Bab Apa yang Diperbolehkan untuk Dimakan oleh Orang yang Berihram dari Buruan
Shahih oleh Darussalam
akhbarana qutaybahu, an malikin, an abi annadhri, an nafiin, mawla abi qatadaha an abi qatadaha, annahu kana maa rasuli allahi hatta idza kana bibadhi thariqi makkaha takhallafa maa ashhabin lahu muhrimina wahuwa ghayru muhrimin waraa himaran wahsyiyyan fastawa ala farasihi tsumma saala ashhabahu an yunawiluhu sawthahu faabaw fasaalahum rumhahu faabaw faakhadzahu tsumma syadda ala alhimari faqatalahu faakala minhu badhu ashhabi annabiyyi waaba badhuhum faadraku rasula allahi fasaaluhu an dzalika faqala " innama hiya thumahun athamakumuha allahu azza wajalla ".

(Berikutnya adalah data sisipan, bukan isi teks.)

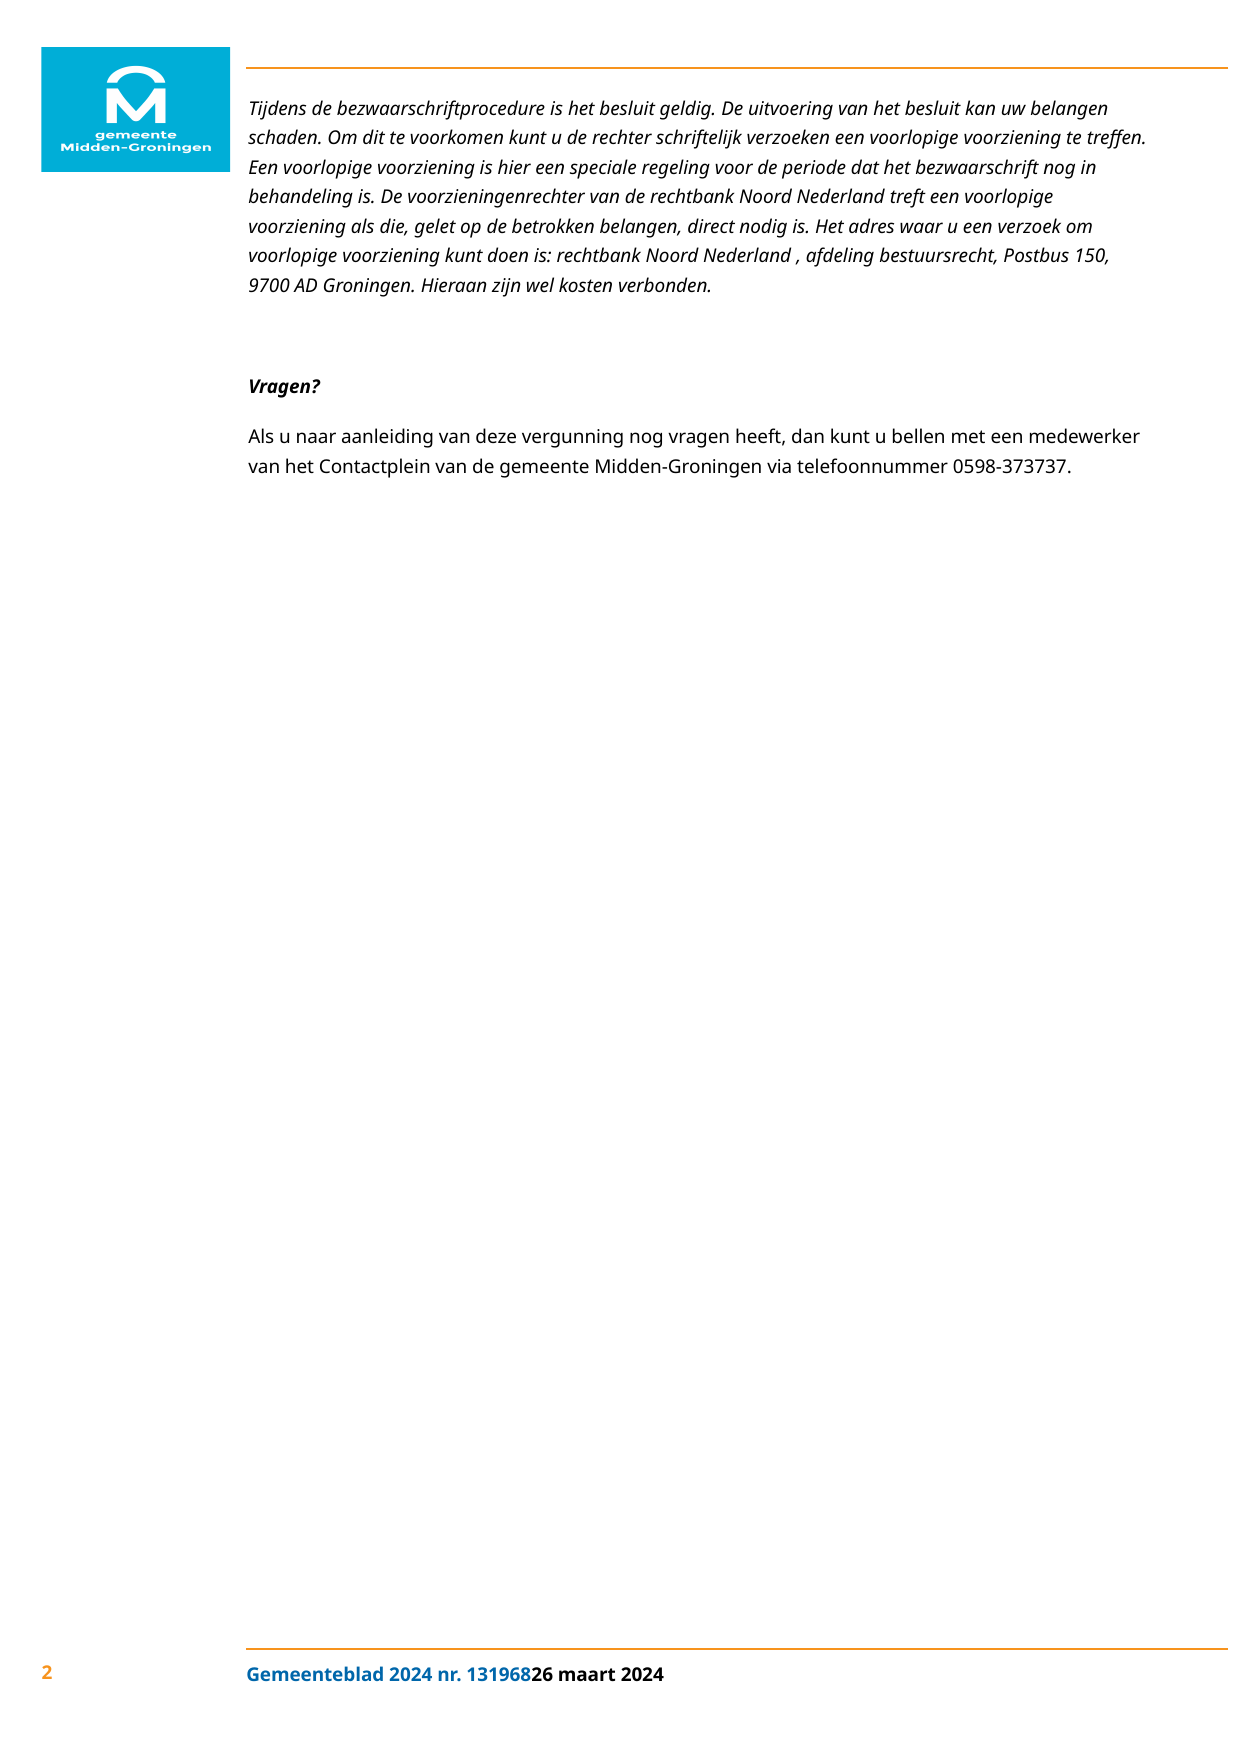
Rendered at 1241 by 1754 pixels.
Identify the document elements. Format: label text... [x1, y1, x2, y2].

picture [107, 89, 165, 122]
text Tijdens de bezwaarschriftprocedure is het besluit geldig. De uitvoering van het besluit kan uw belangen schaden. Om dit te voorkomen kunt u de rechter schriftelijk verzoeken een voorlopige voorziening te treffen. Een voorlopige voorziening is hier een speciale regeling voor de periode dat het bezwaarschrift nog in behandeling is. De voorzieningenrechter van de rechtbank Noord Nederland treft een voorlopige voorziening als die, gelet op de betrokken belangen, direct nodig is. Het adres waar u een verzoek om voorlopige voorziening kunt doen is: rechtbank Noord Nederland , afdeling bestuursrecht, Postbus 150, 9700 AD Groningen. Hieraan zijn wel kosten verbonden. [248, 95, 1152, 298]
picture [108, 66, 164, 82]
text Vragen? [248, 373, 1152, 399]
text Als u naar aanleiding van deze vergunning nog vragen heeft, dan kunt u bellen met een medewerker van het Contactplein van de gemeente Midden-Groningen via telefoonnummer 0598-373737. [248, 423, 1152, 479]
picture [184, 146, 190, 153]
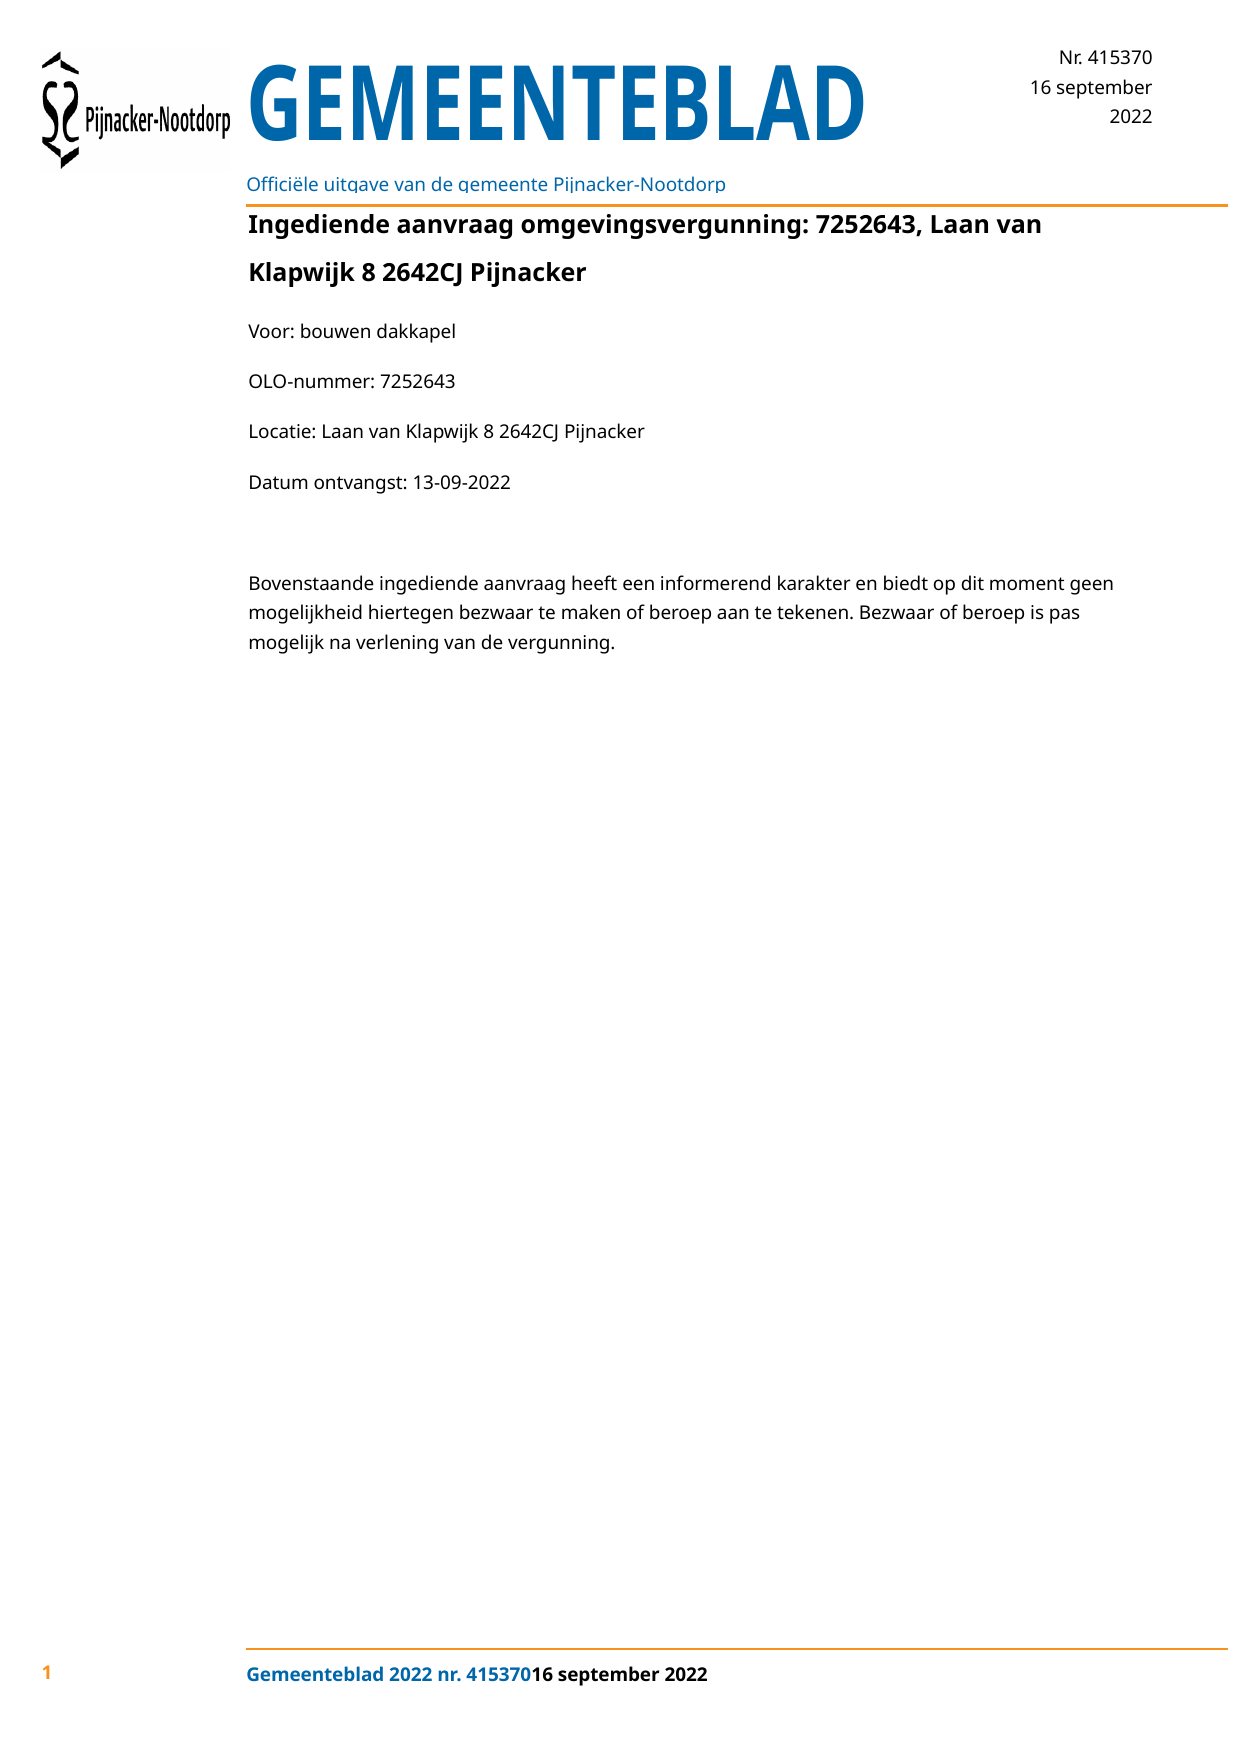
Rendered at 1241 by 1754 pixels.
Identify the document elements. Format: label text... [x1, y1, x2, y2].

text OLO-nummer: 7252643 [248, 368, 1152, 394]
text Bovenstaande ingediende aanvraag heeft een informerend karakter en biedt op dit moment geen mogelijkheid hiertegen bezwaar te maken of beroep aan te tekenen. Bezwaar of beroep is pas mogelijk na verlening van de vergunning. [248, 570, 1152, 655]
picture [41, 47, 231, 172]
text Ingediende aanvraag omgevingsvergunning: 7252643, Laan van Klapwijk 8 2642CJ Pijnacker [248, 207, 1152, 288]
text Voor: bouwen dakkapel [248, 318, 1152, 344]
text Locatie: Laan van Klapwijk 8 2642CJ Pijnacker [248, 419, 1152, 444]
text Datum ontvangst: 13-09-2022 [248, 469, 1152, 495]

Telah diriwayatkan dari Abu Qatadah bahwa: ia bersama Rasulullah. Ketika mereka berada di tengah jalan menuju Makkah, ia tertinggal bersama beberapa temannya yang berihram, tetapi ia tidak berihram. Ia melihat seekor onager, maka ia menaiki kudanya, kemudian ia meminta kepada teman-temannya untuk memberinya cambuknya, tetapi mereka menolak. Ia meminta kepada mereka untuk memberinya tombaknya, tetapi mereka menolak. Ia mengambilnya, kemudian mengejar onager itu dan membunuhnya. Beberapa Sahabat Rasulullah ﷺ memakan dagingnya tetapi yang lain menolak. Mereka mengejar Rasulullah ﷺ dan bertanya kepadanya tentang hal itu, dan beliau bersabda: "Itu adalah makanan yang Allah, Yang Maha Perkasa dan Agung, berikan kepada kalian."